Matsunaga K, Uozumi T, Tsuji S, Murai Y
Department of Neurology, University of Occupational and Environmental Health, School of Medicine, Fukuoka, Japan.
J Neurol Sci. 1995 Feb;128(2):188-94. doi: 10.1016/0022-510x(94)00221-9.
We studied sympathetic skin responses (SSRs) following magnetic stimulation of the neck in 40 normal subjects and 54 patients with neurological diseases and active sweat gland densities (ASGDs) at the foot induced by pilocarpine in 39 patients. SSRs at the hand following magnetic stimulation showed the lowest coefficients of variability of the latencies and amplitudes in eight consecutive responses compared with SSRs following other types of stimuli (electrical and auditory stimulation, and deep inspiration) in 12 normal subjects. Fourteen of 38 patients with neuropathies (37%) showed the presence of SSRs after magnetic stimulation, but not after median nerve stimulation, although SSRs to magnetic stimulation corresponded with those to nerve stimulation in all patients with multiple sclerosis or multiple system atrophy. These results suggest that the absence of SSRs after nerve stimulation in patients with neuropathies may be due to abnormalities of the peripheral sensory afferent fibers. ASGDs significantly correlated with SSRs at the foot following magnetic stimulation, but not with those following nerve stimulation in patients with neuropathies. Magnetic stimulation of the neck is the highly reproducible method of evoking SSRs because this technique is able to produce strong sensory afferent inputs proximally. Furthermore, SSRs following magnetic stimulation, little influenced by sensory afferent fiber involvement, are very useful for evaluating the postganglionic sympathetic function in patients with neuropathies.
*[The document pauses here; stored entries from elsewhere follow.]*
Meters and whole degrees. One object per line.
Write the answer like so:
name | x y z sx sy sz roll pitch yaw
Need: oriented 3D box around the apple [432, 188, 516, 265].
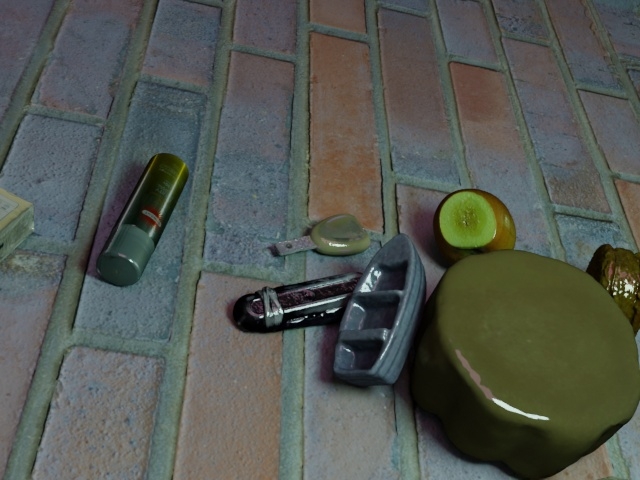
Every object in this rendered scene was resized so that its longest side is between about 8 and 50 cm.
apple | 0.301 -0.015 1.649 0.146 0.163 0.147 -14 50 26

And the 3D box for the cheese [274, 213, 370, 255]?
cheese | 0.000 0.000 1.616 0.192 0.037 0.097 -14 51 -30

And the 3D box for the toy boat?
toy boat | 0.108 0.115 1.432 0.078 0.127 0.283 44 54 -32

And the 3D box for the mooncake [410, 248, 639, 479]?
mooncake | 0.332 0.206 1.422 0.378 0.201 0.378 9 48 -10

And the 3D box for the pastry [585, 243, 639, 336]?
pastry | 0.557 0.101 1.610 0.103 0.189 0.189 13 43 6

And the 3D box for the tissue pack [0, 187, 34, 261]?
tissue pack | -0.597 -0.039 1.398 0.196 0.092 0.148 27 44 6

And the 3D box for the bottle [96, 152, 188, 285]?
bottle | -0.312 -0.042 1.512 0.082 0.082 0.286 17 43 -3

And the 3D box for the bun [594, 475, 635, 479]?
bun | 0.473 0.443 1.273 0.231 0.133 0.231 9 44 -8

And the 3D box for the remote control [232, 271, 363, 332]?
remote control | -0.022 0.103 1.481 0.265 0.066 0.090 -7 47 -26
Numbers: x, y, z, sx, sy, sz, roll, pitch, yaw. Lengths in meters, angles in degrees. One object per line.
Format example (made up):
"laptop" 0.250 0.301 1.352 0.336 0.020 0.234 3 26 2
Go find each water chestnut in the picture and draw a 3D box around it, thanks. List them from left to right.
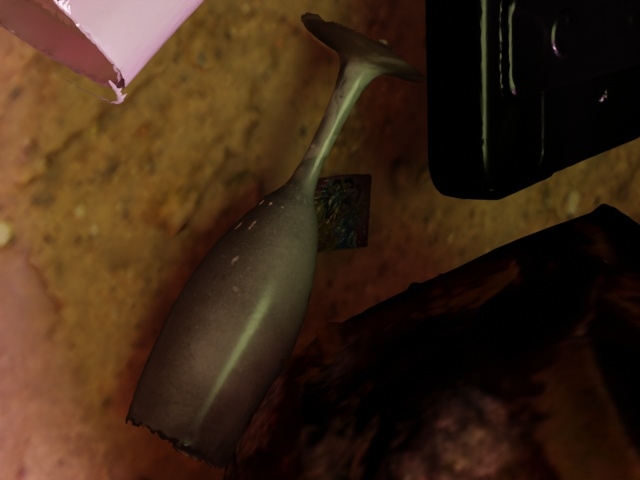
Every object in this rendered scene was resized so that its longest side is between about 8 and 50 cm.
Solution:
"water chestnut" 0.079 0.174 0.823 0.347 0.335 0.335 -34 127 14

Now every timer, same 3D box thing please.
"timer" 0.112 -0.103 0.894 0.187 0.055 0.144 -23 114 -53

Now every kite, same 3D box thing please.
"kite" 0.004 0.002 0.895 0.044 0.002 0.078 22 85 -39

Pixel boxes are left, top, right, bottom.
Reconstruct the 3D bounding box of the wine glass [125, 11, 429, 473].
"wine glass" -0.023 0.002 0.837 0.066 0.066 0.198 32 81 -38

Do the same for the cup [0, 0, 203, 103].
"cup" -0.062 -0.212 0.652 0.253 0.253 0.274 42 80 -36

我们对40名正常受试者进行了颈部磁刺激后的交感神经皮肤反应(SSRs)研究,并对39名患者进行了毛果芸香碱诱导的足部主动汗腺密度(ASGDs)研究。与12名正常受试者接受其他类型刺激(电刺激、听觉刺激和深吸气)后的SSRs相比,磁刺激后手部的SSRs在连续8次反应中潜伏期和波幅的变异系数最低。38名神经病患者中有14名(37%)在磁刺激后出现SSRs,但在正中神经刺激后未出现,尽管所有多发性硬化症或多系统萎缩患者对磁刺激的SSRs与对神经刺激的SSRs一致。这些结果表明,神经病患者神经刺激后SSRs缺失可能是由于外周感觉传入纤维异常。在神经病患者中,ASGDs与磁刺激后足部的SSRs显著相关,但与神经刺激后的SSRs无关。颈部磁刺激是诱发SSRs的高度可重复方法,因为该技术能够在近端产生强烈的感觉传入输入。此外,磁刺激后的SSRs受感觉传入纤维受累影响较小,对评估神经病患者的节后交感神经功能非常有用。